··· Supplied records

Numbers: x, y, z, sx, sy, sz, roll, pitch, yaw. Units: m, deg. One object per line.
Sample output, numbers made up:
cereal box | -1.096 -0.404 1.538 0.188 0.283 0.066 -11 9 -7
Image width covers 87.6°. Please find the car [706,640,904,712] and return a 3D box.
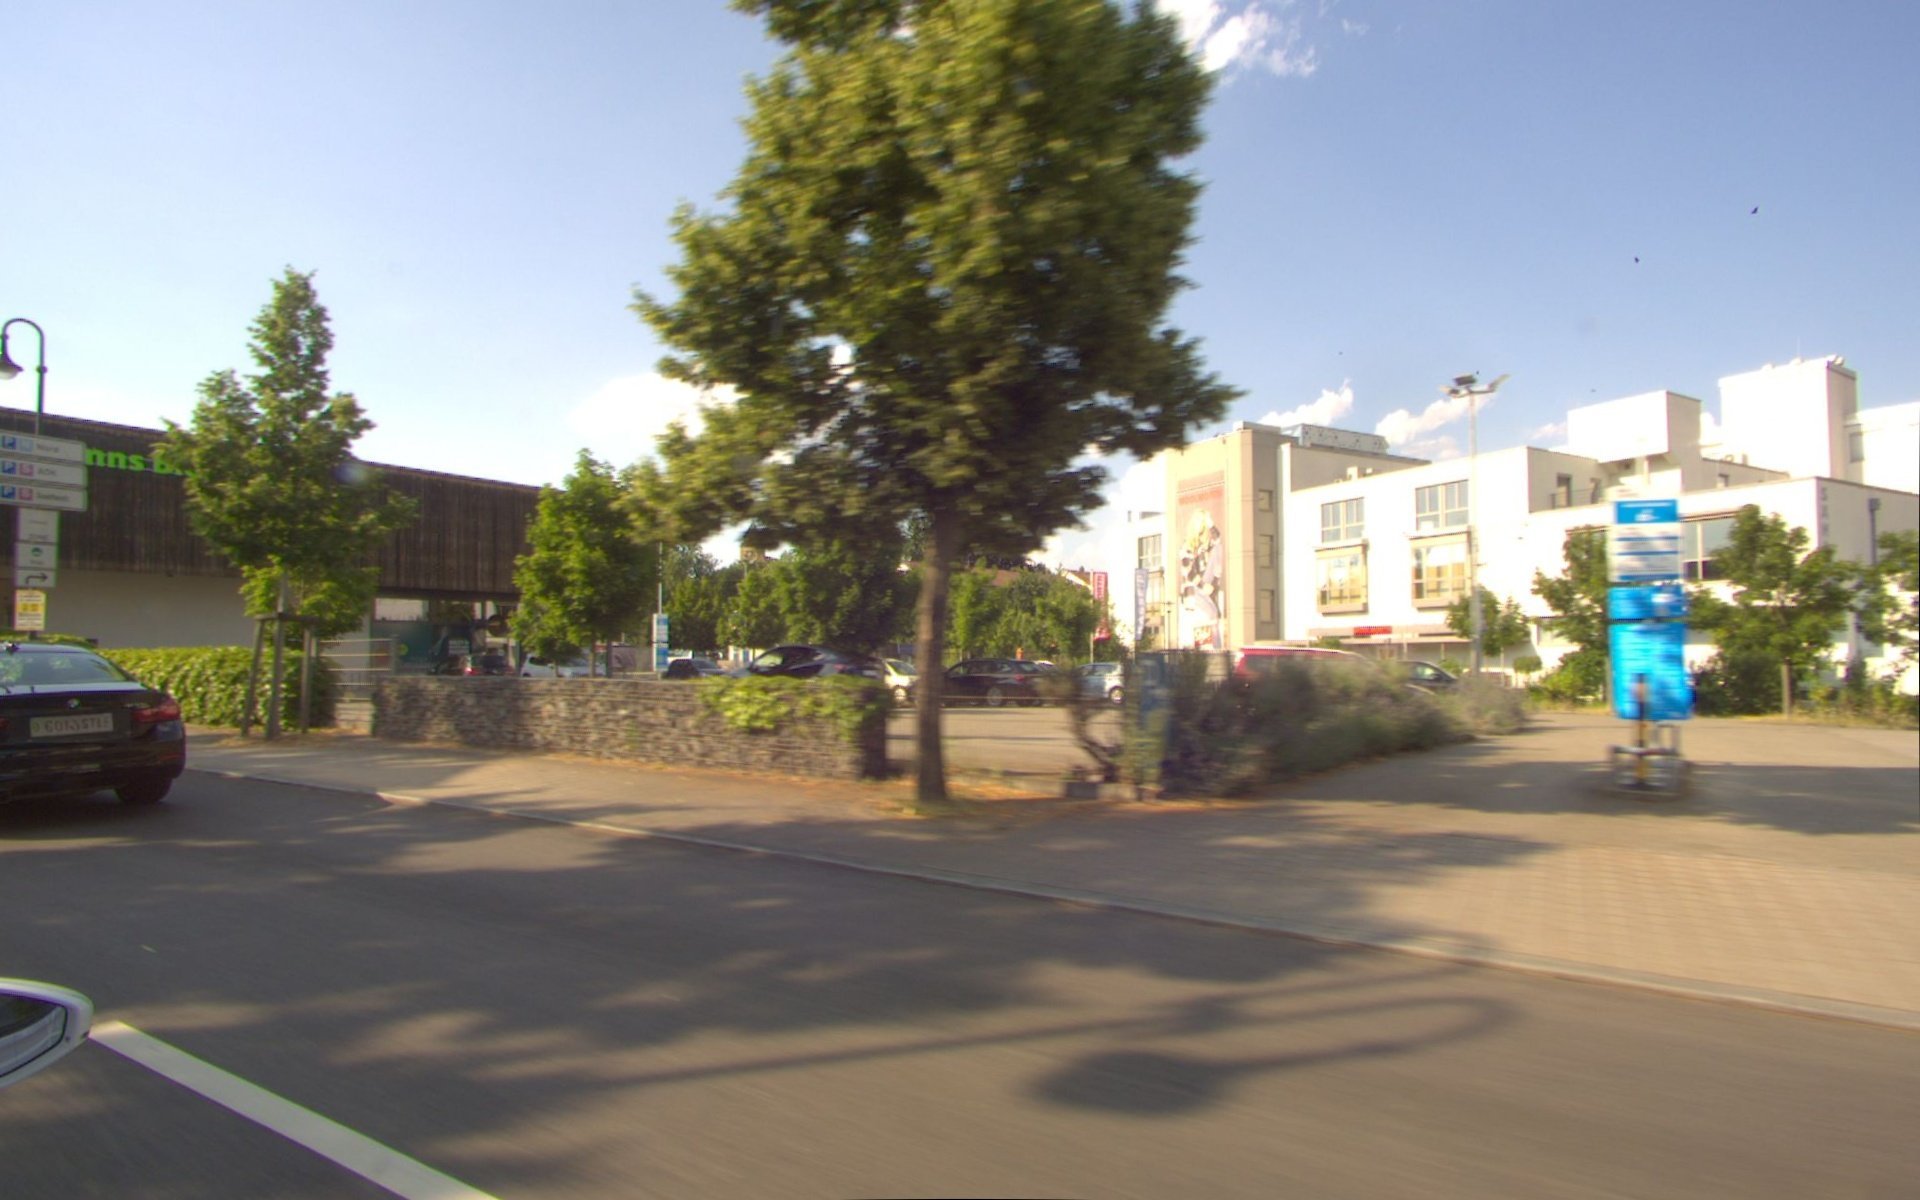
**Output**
car | -3.756 1.797 24.051 4.483 1.550 1.992 -1 -5 32

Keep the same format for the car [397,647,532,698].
car | -16.602 2.384 33.486 4.483 1.558 1.991 -1 -3 32

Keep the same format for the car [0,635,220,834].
car | -8.386 0.996 8.467 4.289 1.381 1.918 -1 -2 31

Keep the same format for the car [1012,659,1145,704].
car | 4.289 2.915 36.471 4.483 1.461 1.870 -1 -3 32

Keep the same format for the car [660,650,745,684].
car | -12.739 3.300 49.484 3.947 1.570 1.989 -1 -3 36

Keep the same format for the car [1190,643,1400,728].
car | 8.223 2.026 24.701 4.582 1.877 1.990 -1 -3 33

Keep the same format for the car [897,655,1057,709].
car | 0.481 2.433 30.351 4.483 1.461 1.991 -1 -3 32

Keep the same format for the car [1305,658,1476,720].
car | 12.998 2.639 30.307 4.484 1.668 1.990 -1 -3 33

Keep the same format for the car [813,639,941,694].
car | -2.925 2.299 34.900 4.261 1.743 1.884 -1 -5 38

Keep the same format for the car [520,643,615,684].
car | -16.990 2.712 43.337 3.947 1.648 1.989 -1 -3 36

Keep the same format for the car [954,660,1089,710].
car | 1.982 2.699 32.482 3.896 1.461 1.991 -1 -3 32
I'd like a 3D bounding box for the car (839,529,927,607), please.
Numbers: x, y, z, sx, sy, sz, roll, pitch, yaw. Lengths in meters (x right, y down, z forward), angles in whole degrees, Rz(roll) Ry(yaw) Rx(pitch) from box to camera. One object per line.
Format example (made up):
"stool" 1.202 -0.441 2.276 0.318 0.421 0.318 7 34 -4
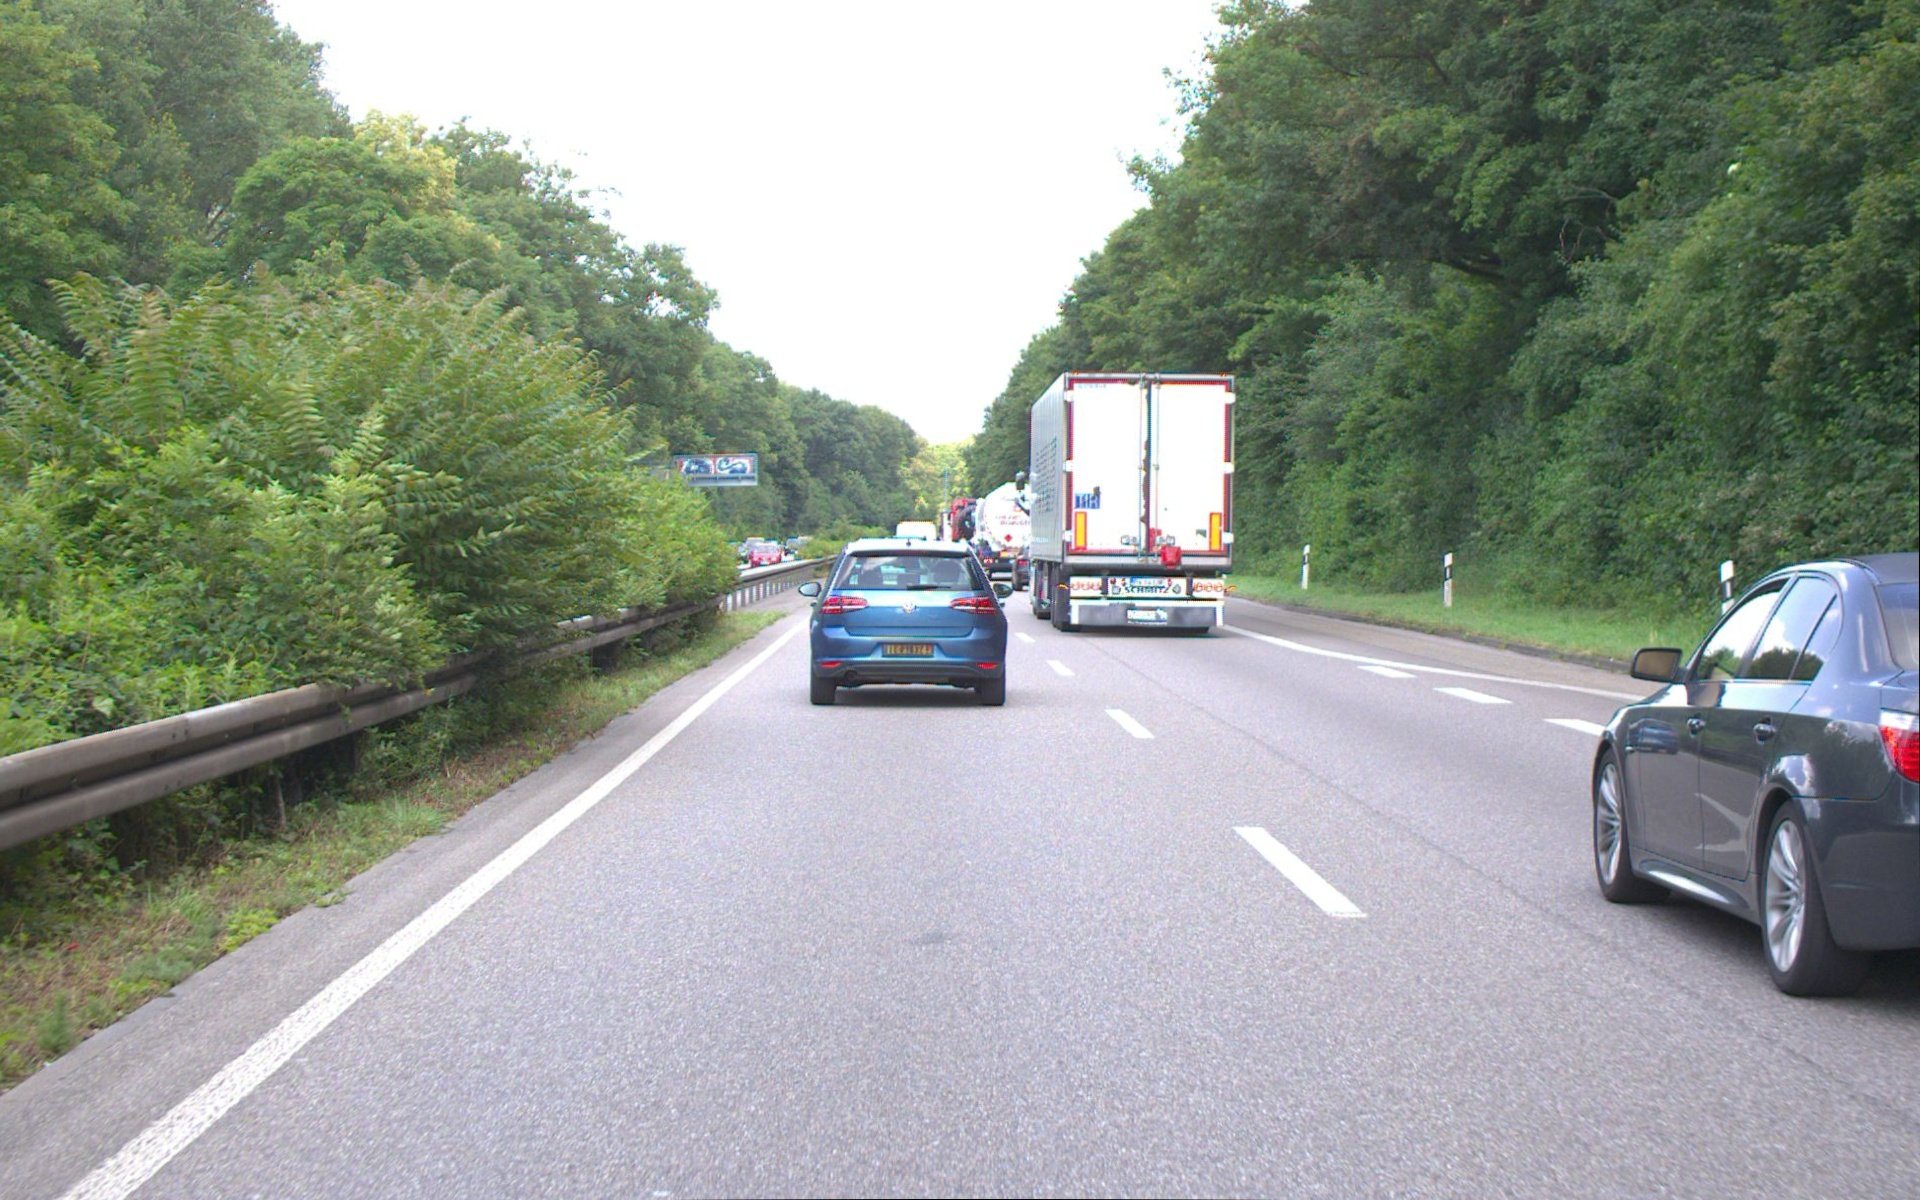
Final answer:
"car" -1.487 -0.654 67.798 1.665 1.495 4.152 0 1 0

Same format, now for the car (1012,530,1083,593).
"car" 2.485 -1.123 98.661 1.888 1.723 4.000 -1 1 0

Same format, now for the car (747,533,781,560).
"car" -10.963 -2.991 192.455 1.678 1.449 4.128 -1 1 0

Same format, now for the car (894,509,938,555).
"car" -2.247 -3.422 173.084 1.993 2.247 4.443 -1 1 -3

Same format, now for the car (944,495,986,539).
"car" 0.277 -4.508 185.655 1.993 2.319 4.443 -1 1 -3

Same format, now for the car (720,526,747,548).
"car" -15.797 -4.395 240.008 1.680 1.514 4.859 -1 1 -1

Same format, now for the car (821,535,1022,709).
"car" -0.375 0.150 31.542 1.705 1.465 4.000 1 1 -1

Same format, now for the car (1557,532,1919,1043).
"car" 3.515 0.505 12.403 1.774 1.470 4.881 1 1 -1

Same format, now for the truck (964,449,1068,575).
"truck" 1.941 -3.119 125.648 3.232 4.371 12.971 0 1 -1

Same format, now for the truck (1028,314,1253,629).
"truck" 2.827 -2.071 57.228 3.242 4.699 11.007 -1 1 1

······

*Exercise*
Your answer should be each line from the entries that includes the string "pitch".

*Response to this exercise*
Numbers: x, y, z, sx, sy, sz, roll, pitch, yaw. Units: m, deg. One object per line.
Numbers: x, y, z, sx, sy, sz, roll, pitch, yaw. Lengths in meters (x right, y down, z forward), angles in whole degrees, Rz(roll) Ry(yaw) Rx(pitch) from box to camera. One object per line.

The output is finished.